Q: How often should a GMFCS Level V child have a hip X-ray? A: Every 6 months. (High risk of rapid displacement). Level I usually discharged at 5 years.
Q: What determines the difference between GMFCS II and III? A: Handheld Mobility Device. Level II walks without aids (may use rail). Level III needs crutches/walker.
Q: What determines the difference between GMFCS IV and V? A: Self-Mobility. Level IV can drive a powered chair or mobilize short distances. Level V has no means of independent mobility (must be pushed).
Q: What is the likelihood of a child with Hemiplegic CP walking? A: Nearly 100% (Usually GMFCS I or II). If a hemiplegic child is not walking, reconsider diagnosis.

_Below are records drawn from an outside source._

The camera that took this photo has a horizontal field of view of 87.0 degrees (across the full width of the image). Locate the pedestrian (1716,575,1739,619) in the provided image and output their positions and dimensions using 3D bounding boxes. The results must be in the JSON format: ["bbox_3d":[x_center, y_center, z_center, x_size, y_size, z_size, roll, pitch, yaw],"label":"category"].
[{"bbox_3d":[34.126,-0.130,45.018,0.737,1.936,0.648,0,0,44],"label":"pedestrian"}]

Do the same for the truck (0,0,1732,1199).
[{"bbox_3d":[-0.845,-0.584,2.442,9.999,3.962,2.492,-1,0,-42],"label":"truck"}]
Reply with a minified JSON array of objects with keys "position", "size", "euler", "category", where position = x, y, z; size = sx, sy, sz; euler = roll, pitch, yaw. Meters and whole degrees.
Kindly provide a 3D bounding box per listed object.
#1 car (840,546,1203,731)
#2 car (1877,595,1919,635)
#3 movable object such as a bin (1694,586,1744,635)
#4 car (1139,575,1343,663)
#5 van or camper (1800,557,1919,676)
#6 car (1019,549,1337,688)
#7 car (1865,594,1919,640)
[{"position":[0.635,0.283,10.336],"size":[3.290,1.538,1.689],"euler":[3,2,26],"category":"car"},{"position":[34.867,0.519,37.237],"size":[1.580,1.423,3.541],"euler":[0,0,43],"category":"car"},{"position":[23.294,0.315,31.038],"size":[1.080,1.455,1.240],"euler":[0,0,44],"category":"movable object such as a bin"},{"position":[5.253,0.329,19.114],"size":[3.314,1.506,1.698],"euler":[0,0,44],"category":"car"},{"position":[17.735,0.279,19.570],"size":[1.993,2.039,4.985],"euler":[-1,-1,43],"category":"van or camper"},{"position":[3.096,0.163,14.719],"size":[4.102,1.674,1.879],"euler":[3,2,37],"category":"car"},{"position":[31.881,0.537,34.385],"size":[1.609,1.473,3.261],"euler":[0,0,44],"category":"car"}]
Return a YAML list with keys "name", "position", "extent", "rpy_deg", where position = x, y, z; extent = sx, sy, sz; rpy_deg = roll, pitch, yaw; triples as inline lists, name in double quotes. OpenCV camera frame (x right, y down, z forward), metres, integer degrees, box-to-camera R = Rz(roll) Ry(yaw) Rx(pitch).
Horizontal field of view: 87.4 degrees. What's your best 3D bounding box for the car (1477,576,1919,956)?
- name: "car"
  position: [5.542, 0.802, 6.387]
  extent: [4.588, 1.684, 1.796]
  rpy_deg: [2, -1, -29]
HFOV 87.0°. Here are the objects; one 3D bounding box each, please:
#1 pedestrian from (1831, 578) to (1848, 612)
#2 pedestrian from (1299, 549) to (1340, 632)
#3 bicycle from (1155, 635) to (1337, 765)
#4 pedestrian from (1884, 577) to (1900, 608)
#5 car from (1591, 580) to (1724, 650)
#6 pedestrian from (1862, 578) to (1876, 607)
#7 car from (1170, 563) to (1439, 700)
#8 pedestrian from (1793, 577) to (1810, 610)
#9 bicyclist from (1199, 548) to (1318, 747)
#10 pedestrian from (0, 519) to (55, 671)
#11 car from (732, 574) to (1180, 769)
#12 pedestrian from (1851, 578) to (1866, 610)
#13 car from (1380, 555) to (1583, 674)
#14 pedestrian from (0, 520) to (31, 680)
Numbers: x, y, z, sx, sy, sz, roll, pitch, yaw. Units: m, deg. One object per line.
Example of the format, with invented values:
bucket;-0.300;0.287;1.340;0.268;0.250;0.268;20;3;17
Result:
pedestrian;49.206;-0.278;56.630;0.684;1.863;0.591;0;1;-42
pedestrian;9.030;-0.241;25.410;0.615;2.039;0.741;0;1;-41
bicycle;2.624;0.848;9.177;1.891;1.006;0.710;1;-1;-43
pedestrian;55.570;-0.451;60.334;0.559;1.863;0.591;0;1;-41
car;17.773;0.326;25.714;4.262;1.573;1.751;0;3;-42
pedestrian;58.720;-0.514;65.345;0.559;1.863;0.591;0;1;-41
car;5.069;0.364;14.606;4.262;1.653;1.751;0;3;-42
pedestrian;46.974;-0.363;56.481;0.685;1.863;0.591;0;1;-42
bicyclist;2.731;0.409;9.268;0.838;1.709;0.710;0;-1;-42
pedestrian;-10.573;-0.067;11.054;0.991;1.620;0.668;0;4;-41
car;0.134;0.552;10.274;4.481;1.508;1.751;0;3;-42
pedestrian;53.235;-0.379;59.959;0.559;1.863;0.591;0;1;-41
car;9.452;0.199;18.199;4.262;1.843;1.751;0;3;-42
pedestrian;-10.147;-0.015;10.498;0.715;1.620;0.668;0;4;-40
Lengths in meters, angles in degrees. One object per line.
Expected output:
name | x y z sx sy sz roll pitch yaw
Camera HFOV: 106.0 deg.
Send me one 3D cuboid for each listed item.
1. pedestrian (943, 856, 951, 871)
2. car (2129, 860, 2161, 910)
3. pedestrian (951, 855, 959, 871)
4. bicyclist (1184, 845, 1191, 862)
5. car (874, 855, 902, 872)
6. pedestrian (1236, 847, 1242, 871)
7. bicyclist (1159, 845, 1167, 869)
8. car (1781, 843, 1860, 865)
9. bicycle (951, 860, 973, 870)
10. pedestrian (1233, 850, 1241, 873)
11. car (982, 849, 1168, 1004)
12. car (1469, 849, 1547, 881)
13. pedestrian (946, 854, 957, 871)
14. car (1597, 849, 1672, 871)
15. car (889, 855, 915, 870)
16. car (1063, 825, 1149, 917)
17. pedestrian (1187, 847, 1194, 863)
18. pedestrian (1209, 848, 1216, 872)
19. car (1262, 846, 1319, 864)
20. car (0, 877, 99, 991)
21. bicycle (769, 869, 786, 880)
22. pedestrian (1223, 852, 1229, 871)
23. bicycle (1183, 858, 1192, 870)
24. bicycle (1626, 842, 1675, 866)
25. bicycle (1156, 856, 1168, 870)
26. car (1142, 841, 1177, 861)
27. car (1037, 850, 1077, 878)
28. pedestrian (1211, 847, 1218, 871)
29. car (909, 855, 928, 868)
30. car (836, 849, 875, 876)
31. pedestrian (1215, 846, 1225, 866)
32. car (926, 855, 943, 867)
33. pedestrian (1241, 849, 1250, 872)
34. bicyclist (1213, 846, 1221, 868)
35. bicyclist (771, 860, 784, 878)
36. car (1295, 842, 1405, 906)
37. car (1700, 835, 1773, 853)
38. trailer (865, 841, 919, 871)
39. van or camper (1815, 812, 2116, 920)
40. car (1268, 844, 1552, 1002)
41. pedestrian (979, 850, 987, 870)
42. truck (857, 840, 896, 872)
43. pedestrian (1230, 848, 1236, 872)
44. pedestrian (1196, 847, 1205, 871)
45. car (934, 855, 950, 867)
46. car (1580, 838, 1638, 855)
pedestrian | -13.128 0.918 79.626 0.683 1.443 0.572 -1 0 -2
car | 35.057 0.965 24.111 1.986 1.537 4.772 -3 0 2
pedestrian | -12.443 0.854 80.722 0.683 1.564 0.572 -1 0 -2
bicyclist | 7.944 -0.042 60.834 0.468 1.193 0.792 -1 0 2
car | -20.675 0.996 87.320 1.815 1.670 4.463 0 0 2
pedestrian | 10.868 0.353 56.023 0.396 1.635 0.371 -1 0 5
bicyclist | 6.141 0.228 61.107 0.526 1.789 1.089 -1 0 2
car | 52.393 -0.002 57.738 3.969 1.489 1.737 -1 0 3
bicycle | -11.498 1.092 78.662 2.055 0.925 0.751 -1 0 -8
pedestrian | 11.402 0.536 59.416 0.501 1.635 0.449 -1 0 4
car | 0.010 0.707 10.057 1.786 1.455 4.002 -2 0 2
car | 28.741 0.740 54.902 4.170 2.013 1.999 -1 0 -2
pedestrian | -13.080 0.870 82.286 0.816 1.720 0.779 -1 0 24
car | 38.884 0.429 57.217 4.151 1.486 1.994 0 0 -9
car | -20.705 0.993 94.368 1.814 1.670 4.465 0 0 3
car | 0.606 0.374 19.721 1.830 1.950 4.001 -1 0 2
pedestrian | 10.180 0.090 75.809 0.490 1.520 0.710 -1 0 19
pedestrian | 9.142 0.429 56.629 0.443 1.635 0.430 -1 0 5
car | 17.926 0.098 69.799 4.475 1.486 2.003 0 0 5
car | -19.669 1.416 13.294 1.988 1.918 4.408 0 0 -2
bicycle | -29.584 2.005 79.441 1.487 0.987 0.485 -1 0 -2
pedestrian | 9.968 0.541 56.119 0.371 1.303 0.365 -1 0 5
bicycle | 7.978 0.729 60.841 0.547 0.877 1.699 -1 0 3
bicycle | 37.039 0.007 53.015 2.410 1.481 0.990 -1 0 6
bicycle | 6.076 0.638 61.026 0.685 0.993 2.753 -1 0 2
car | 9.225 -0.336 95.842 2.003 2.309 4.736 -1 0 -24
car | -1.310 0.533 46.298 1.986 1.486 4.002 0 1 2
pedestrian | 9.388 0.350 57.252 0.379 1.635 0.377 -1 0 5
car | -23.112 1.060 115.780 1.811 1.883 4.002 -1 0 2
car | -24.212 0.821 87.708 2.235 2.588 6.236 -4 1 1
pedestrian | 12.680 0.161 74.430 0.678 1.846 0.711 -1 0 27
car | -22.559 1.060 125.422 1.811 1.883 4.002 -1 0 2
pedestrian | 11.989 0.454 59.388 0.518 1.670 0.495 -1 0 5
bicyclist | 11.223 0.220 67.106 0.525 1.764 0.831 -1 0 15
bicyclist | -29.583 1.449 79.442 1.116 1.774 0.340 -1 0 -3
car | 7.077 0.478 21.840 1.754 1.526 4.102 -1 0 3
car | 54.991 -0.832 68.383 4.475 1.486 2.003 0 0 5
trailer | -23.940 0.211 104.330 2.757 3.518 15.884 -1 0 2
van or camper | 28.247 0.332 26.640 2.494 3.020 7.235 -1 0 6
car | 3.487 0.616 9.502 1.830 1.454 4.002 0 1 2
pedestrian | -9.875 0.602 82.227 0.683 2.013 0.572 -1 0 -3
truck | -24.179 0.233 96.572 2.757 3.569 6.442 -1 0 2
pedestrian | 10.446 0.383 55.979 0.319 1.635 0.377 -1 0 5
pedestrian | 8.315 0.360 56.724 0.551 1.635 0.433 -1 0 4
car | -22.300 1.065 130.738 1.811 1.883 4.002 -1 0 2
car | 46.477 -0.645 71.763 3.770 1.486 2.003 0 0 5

Q: Periventricular Leukomalacia (PVL) is most strongly associated with which CP pattern? A: Spastic Diplegia. The medial fibers (legs) of the corticospinal tract are affected.
GMFCS Levels
- I: Walks / Runs
- II: Walks / Railing / Uneven issues
- III: Handheld Device (Walker)
- IV: Powered Mobility
- V: Pushed (Head control issues)
Hip Surveillance
- Gold Standard: Reimer's MP
- Normal: less than 10%
- Risk: greater than 30%
- Freq: GMFCS V = 6 monthly
Management
- Botox: Focal Dynamic Spasticity
- Baclofen: Global Spasticity
- SEMLS: Age 8-10, Bony + Soft Tissue
- SDR: Pure Spasticity, GMFCS II/III
Key Concepts
- Non-progressive brain lesion
- Progressive MSK deformity
- Lever Arm Dysfunction
- Avoid Birthday Syndrome
Evidence Base
GMFCS — The Classification Paper
- Delphi consensus among 48 experts produced the 5-level GMFCS.
- Interrater reliability (kappa) 0.75 for children aged 2-12 years; lower (0.55) under 2 years.
- Designed as a staging system analogous to medical grading scales.
Hip Surveillance Prevents Dislocation (CPUP)
- 20-year results of the Swedish CPUP surveillance programme.
- Hip dislocation fell from 8% in the historical control group to effectively 0% in surveilled cohorts (p less than 0.001).
- The only 2 study-group children who dislocated were too unwell for preventive surgery.
- Of 689 surveilled children, 13% required preventive surgery.
Primary Surgery for Hip Displacement
- Compared adductor-iliopsoas tenotomy (APT) vs femoral osteotomy (FO) as primary preventive surgery.
- At minimum 5 years, reoperation was 43% after APT and 39% after FO.
- Residual migration percentage over 50% in 2% (APT) vs 9% (FO).
- After soft-tissue release, higher preoperative migration percentage predicted failure.